By my records the last time I invoked Max Weber’s warnings (reinforced by Jürgen Habermas) about “loss of meaning” in a society dominated by a market-based consciousness industry was in a piece entitled “The Degradation of the Knowledge Worker.” That piece had highly personal motivation, since I tended to think of myself as a “knowledge worker” back when I was doing research in Silicon Valley; and the recognition that the current world of work viewed the most “productive knowledge worker” as “the one who operates out of ignorance, delegating all authority to support technology” was personally painful. So I bailed on Silicon Valley (or it bailed on me); and now I take my greatest satisfaction in writing reviews that focus more on descriptive analysis than on figuring out how many stars a rating deserves.

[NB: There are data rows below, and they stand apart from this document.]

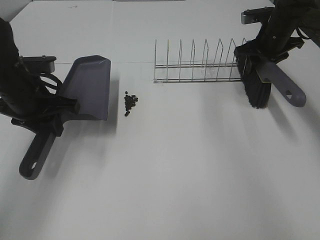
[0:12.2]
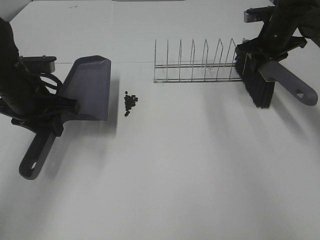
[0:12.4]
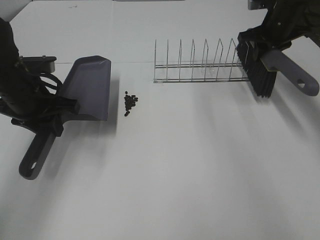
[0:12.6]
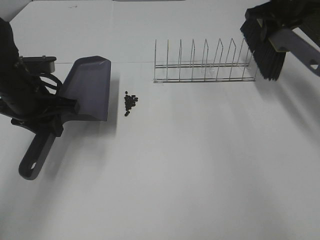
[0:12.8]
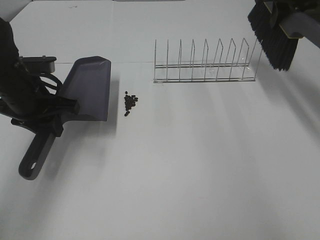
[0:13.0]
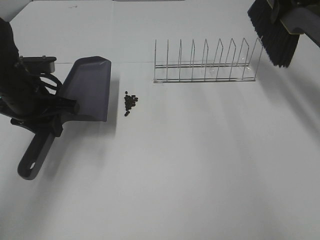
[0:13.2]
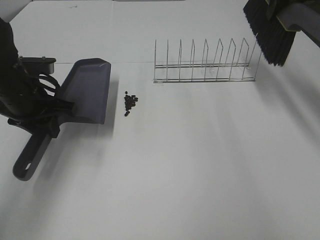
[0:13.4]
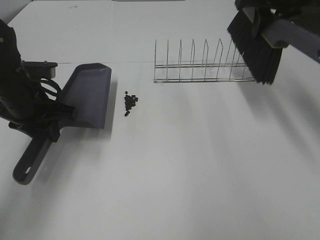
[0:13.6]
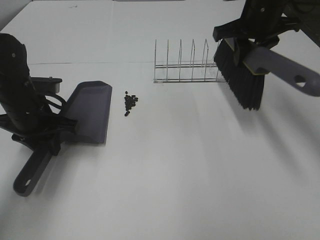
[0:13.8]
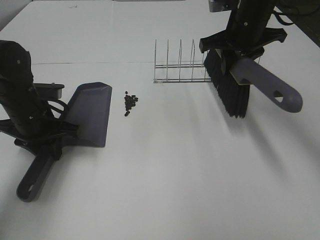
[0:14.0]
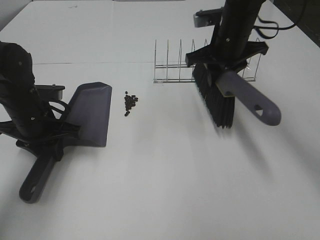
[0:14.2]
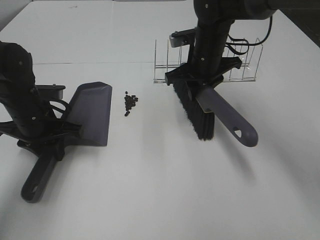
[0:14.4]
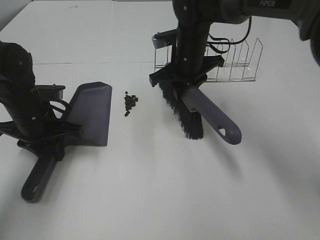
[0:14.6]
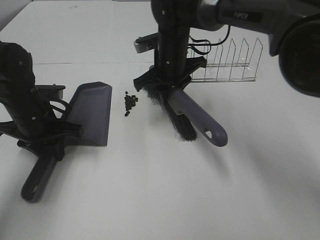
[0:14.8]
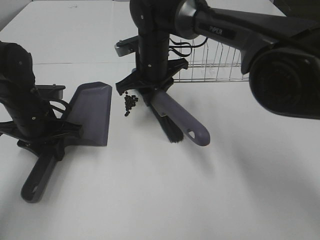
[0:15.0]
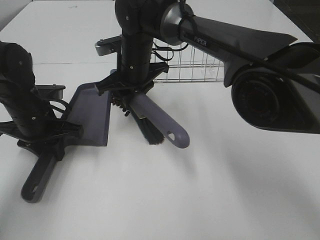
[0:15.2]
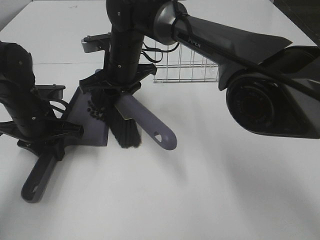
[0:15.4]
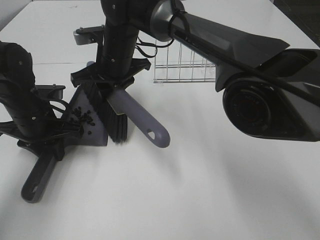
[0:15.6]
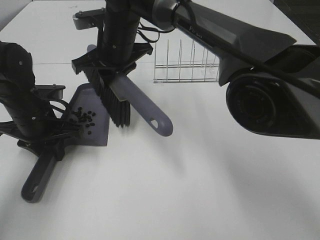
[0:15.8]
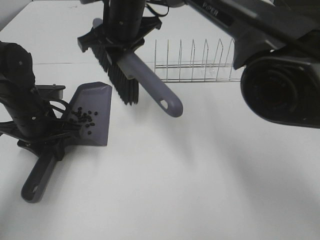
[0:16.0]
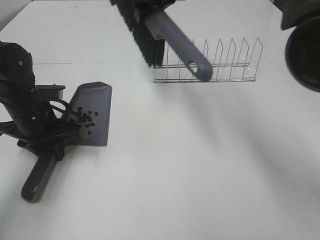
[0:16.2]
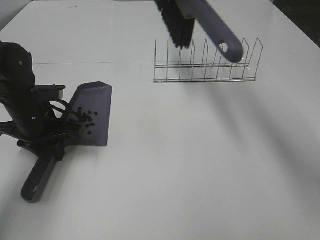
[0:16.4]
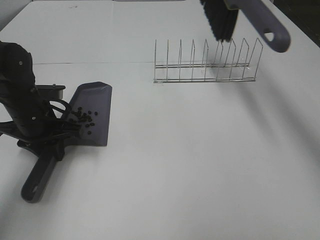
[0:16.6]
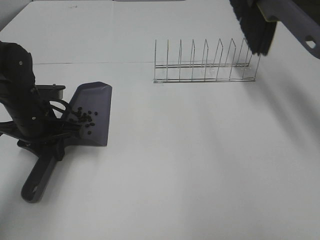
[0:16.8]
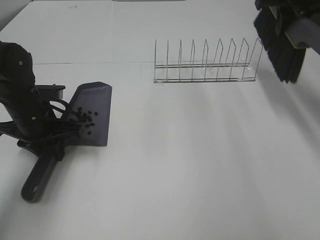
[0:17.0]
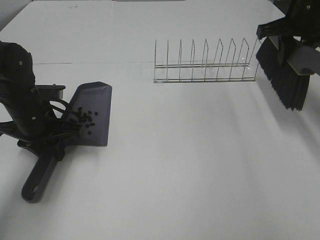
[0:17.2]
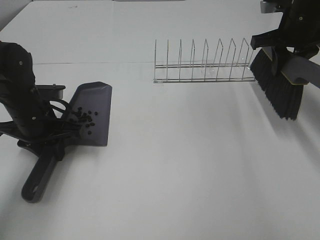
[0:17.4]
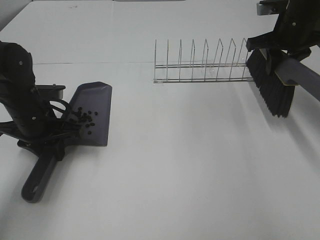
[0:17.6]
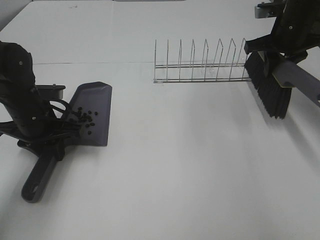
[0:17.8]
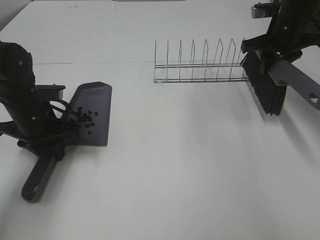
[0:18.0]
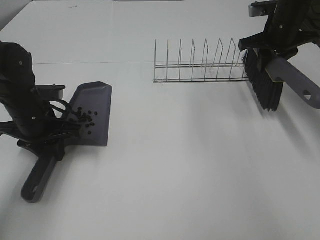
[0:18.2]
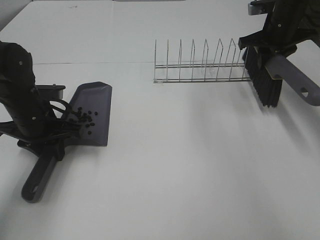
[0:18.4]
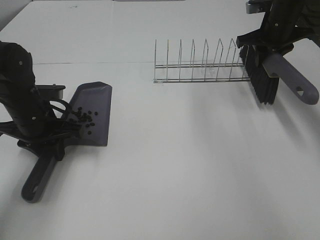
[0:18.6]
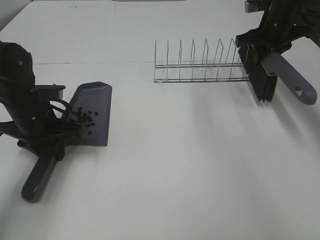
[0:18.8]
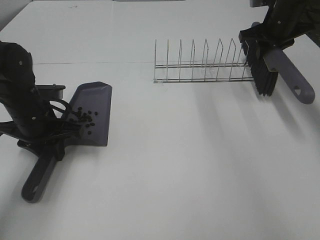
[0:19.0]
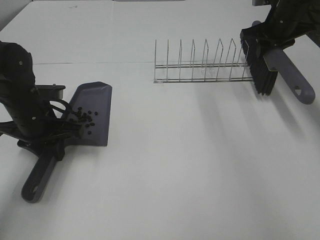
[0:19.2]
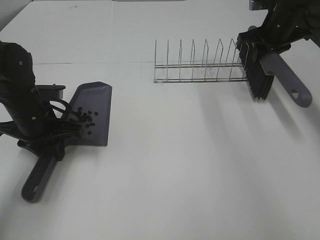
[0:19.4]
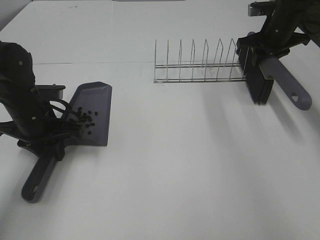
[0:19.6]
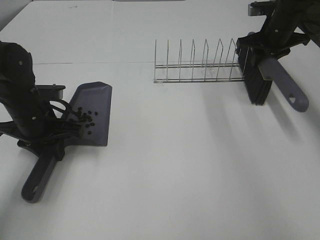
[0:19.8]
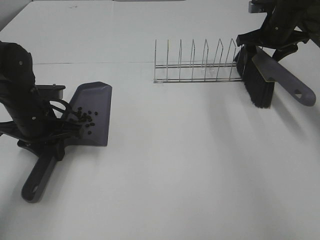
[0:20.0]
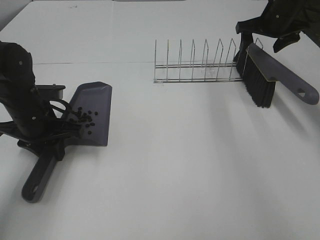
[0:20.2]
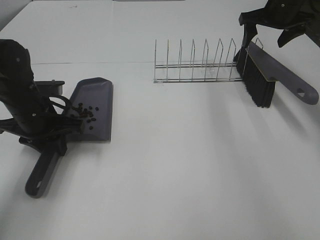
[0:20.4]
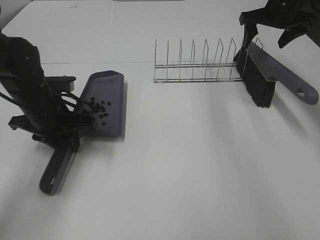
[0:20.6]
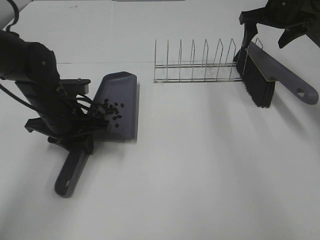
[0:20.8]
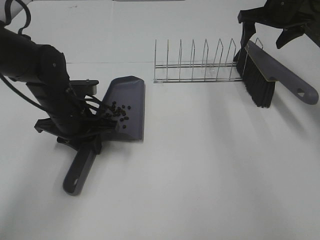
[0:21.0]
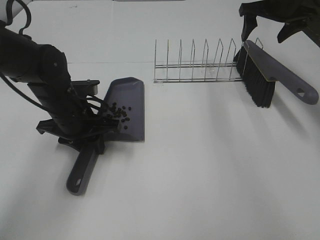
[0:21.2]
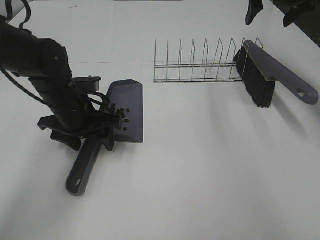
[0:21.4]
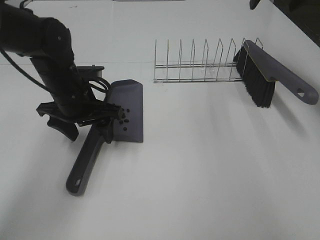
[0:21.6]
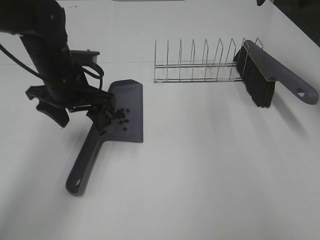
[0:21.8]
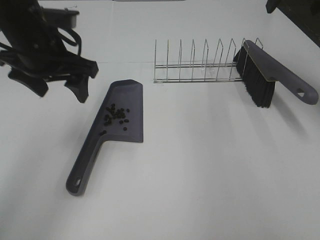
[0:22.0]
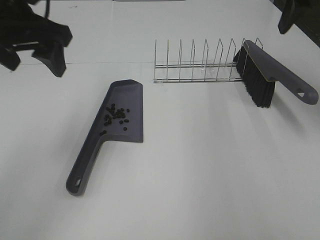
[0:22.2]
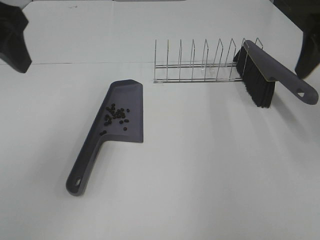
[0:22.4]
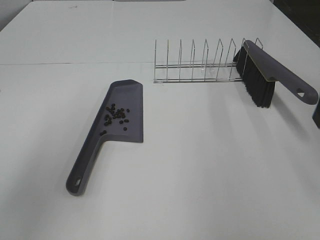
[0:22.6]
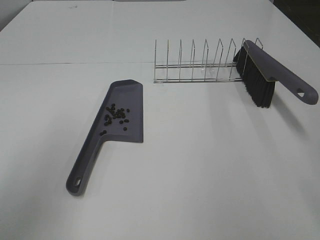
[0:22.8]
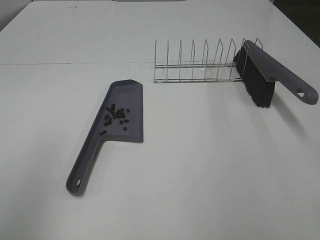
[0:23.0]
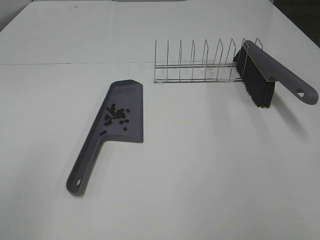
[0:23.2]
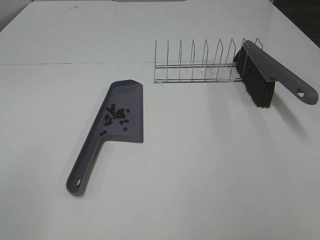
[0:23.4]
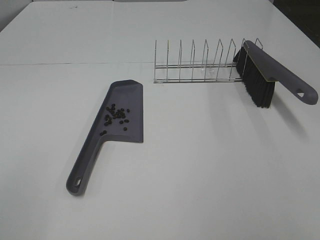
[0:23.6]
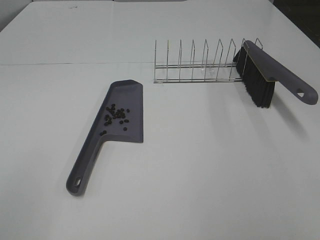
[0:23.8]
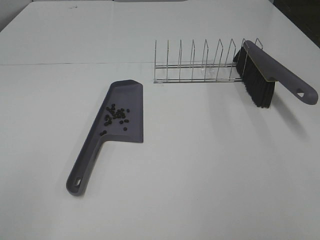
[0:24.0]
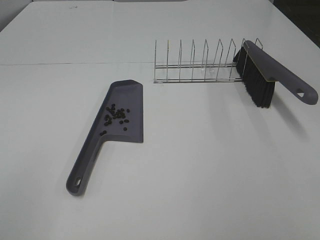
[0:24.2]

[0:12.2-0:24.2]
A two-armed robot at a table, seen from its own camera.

I suppose I should not be surprised that the “meaning” behind what I now do should be under the same attack as the research I used to do. This was evident from a Fully Equipped piece by David Carnoy on the CNET News Web site (which, ironically, happens to be in their Reviews section). The article is about reactions to the new novel The Fifth Witness by Michael Connelly. It turns out that readers have been trying to flood Web sites with one-star reviews of the book, not because they think it is a bad book but because they resent the fact that the Kindle and Nookbook prices are higher than the hardcover price on both Amazon.com and BarnesandNoble.com.
I classify this as “loss of meaning” because it represents a shift of focus on the nature of reviewing itself. Attention has migrated from the text (what we actually read when we open the book and why we might be interested in reading it) to the product, with a particular emphasis on how much we have to spend and whether or not that is a fair price. Now it is bad enough that reviewers find themselves stuck with assigning a rating when they would rather just describe things well enough for the reader to make up his/her own mind. I find it even worse that the “lazy reader,” who is only interested in the rating, should now be confounded by a “value” without knowing what is being evaluated.
For the most part those who take their reviewing work seriously are unlikely to get stuck in this trap. The problem arises when reviewing is consigned to that purported “wisdom” of the crowd. Ultimately, the crowd makes up its own mind [sic] regarding criteria that are relevant for evaluation; and those decisions often arise from the surfacing of a trend that then attracts many followers. It is because that trend may not be based on relevant (or, for that matter, accurate) knowledge that Adam Smith’s The Money Game posed the most important proposition of playing the stock markets:
The crowd is always wrong.
This is not to say that, in this case, the crowd is either right or wrong about the price of this particular e-book edition. My point is that price is not relevant to the reviewing process. The attentive reader uses the review to decide how much (s)he wants to read the book. Having decided that the book is worth reading, there are all sorts of options, which include getting on the wait list of the public library. Presumably, the logic of the market will set prices on the basis of which would-be readers choose which options. Unfortunately, those of us who write for such readers are now at risk of having our voices drowned out by crowd-based market judgments that have nothing to do with reviewing as we know it.